The Democrats elected with Speaker Pelosi in 2008 did a lot of heavy lifting in enacting the Affordable Care Act and passing a cap-and-trade bill addressing climate change (which the Senate never took up). This (alongside economic distress and white conservative resentment of the first African-American president) made them ripe targets for Republicans in 2010.

If Democrats retake the White House in 2020, perhaps their House Caucus will have a similarly critical and politically perilous set of assignments (particularly if Democrats take back the Senate as well). For now they will probably be united just enough for the limited if dramatic role they will play in the next two years. They won’t be able to make laws, but they can break virtually all of Trump’s legislative designs, while utilizing the House’s investigatory powers to expose the corruption and possibly the criminality underlying his 2016 campaign and the strange administration it produced.


December 28: The Electability Argument for Centrism Takes a Hit

Thinking about the perpetual challenges to Democratic Party unity, I discovered and nourished a new concern: 2018 provided some fresh fodder for those who want to enforce ideological rigor. I wrote it up at New York.

This is the time when political analysts take a long look back and a longer look forward at what the midterm results mean for the two political parties, led often by ideological factions determined to prove their way is the highway to success in the next contest.

This is an especially urgent task for moderates of the center-left and center-right, who often take credit for wins in hostile territory and warn that they alone can win the big presidential prize just down the road — or at least that used to be the case. Nowadays, moderate Republicans are an endangered species, and at the presidential level, being at least “moderately conservative” or having some distinctively savage brand of right-wing politics like Donald Trump has become mandatory. The ideological “struggle for the soul of the party” is more common among Democrats, who haven’t had a loud-and-proud lefty president since FDR.

With no clear presidential front-runner for 2020 and a huge array of potential candidates lining up, Democrats will have plentiful opportunities to argue over which ideological persuasion gives them the best opportunity to topple President Trump and salt the earth that brought his monstrous presidency to life. But the empirical case for any particular type of Democrat having an advantage in 2020 did not get much of a boost from what happened in 2018, according to top-shelf political scientist Alan Abramowitz:

“The outcomes of House contests in 2018 were overwhelmingly determined by two factors — the partisan composition of House districts and the unpopularity of President Trump in many of those districts, including some that had supported him in 2016 …

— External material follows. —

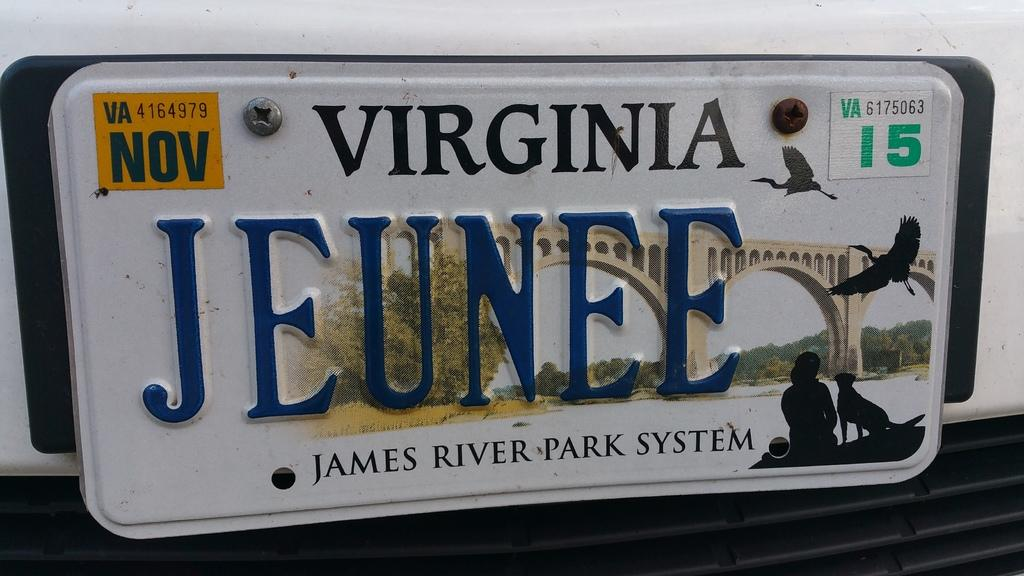<image>
Summarize the visual content of the image. A Virginia license plate that reads Jeunee with a picture of a bridge in the background, above the words James River Park System..

“[The results] had very little to do with the characteristics of the local House candidates. In making their choices, voters apparently were far more concerned about which party would control the House than about who would represent their district. As a result, the advantage of incumbency reached its lowest level in decades — less than three points in terms of margin, according to an analysis by Gary Jacobson.

A corollary to the irrelevance of incumbent characteristics was that ideology didn’t much matter either:

“[F]or both Republican and Democratic incumbents, election outcomes were overwhelmingly explained by the presidential vote in the district. Moreover, the incumbent’s voting record had little or no influence on the results. For Republican incumbents, conservatism had a very small and statistically insignificant negative impact on incumbent vote share. For Democratic incumbents, liberalism had a very small and statistically insignificant positive impact on incumbent vote share.”

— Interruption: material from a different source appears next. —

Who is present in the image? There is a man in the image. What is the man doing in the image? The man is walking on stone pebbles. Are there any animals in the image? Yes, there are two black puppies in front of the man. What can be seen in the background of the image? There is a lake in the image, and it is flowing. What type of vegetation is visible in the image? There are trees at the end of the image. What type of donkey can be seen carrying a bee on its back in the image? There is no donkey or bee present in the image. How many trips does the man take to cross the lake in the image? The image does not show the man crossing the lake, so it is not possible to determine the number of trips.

These findings have limited implications for Republicans, who, barring something unforeseen, are stuck with Trump in 2020. And however you choose to define Trump’s ideology, he has shown little to no interest in appealing to Democrats and Democratic-leaning independents (other than those who already share his white nationalist tendencies).

For Democrats, though, the idea that running “to the center” generates no measurable electoral gains will be a central talking point for those who want to run hard to the port side of the ship. Indeed, for many self-conscious progressives these days, there are only two plausible reasons for a Democrat being anything other than a progressive: pure political expediency, or corrupt submission to corporate power. Only the former justifies the presumed sin of centrism.

This is a pretty important issue in intra-Democratic debates. While progressives may excuse, say, a Democrat’s refusal to fully embrace an immediate leap to single-payer health care in conservative areas of the country, they tend to assume such a centrist posture must be accompanied by public or private acknowledgement that of course Medicare for All is the ultimate goal. It is far less acceptable to claim that some other form of expanded health coverage — say, Obamacare with a strong public option — is actually a superior policy. That sort of talk must reflect a sellout to private insurance interests, or so it seems to those who assume that Democrats should press for as much democratic socialism (to choose the most prevalent label) as political markets will bear.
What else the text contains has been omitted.